We all helped him out of bed, he leaned against Martin and me, went back and forth in the small chamber, and once again desired warm towels, which we applied to him. Likewise, both physicians in the town were called, one a doctor, the other a master of medicine, as well as Count Albrecht and the countess, who tried out everything on Father, the aquavit and the doctor’s medicine.
Then Father began to pray so that cold chills went down my back, so near did I feel God being summoned.
“My heavenly Father, eternal, merciful God, you have revealed to me your beloved Son, our Lord Jesus Christ, whom I have made the center of my teaching and my faith, openly, whom I love and honor as my dear Savior and Redeemer, whom the godless persecute, desecrate, and curse: take my little soul to You.”
Then he said three times: “In manus tuas commendo spiritum meum, redemisti mi, deus veritatis.”
My brother confirmed to me that he then fell back into his beloved German and ended his prayer, “Ja, so hat Gott die Welt geliebt” (For God so loved the world).

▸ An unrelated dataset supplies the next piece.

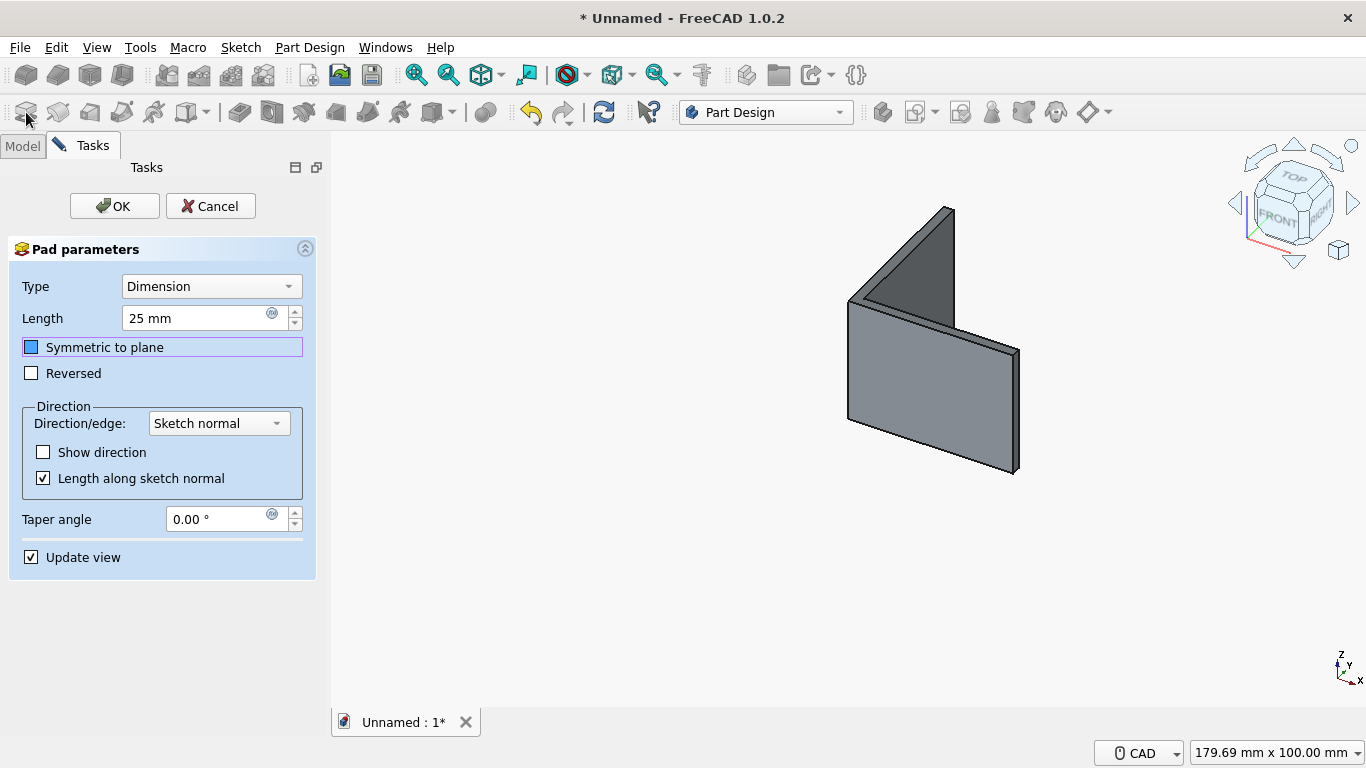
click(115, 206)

Then he became silent, I thought he was dying, and he did not answer to our shakes and our calls. Martin looked at me, and it seemed that his eyes mirrored my own relief. Or was it his?
As the countess and the doctors rubbed him with aquavit, rose vinegar, lavender water, and other tonics—at which the countess limited herself to the upper part of the body, though also casting a quick look down where the doctors were busy—my father once more began to answer, although only weakly, with yes or no. Dr. Jonas and Herr Coelius shouted at him and asked, “Dearest Father, you acknowledge Christ, the Son of God, our Savior and Redeemer?”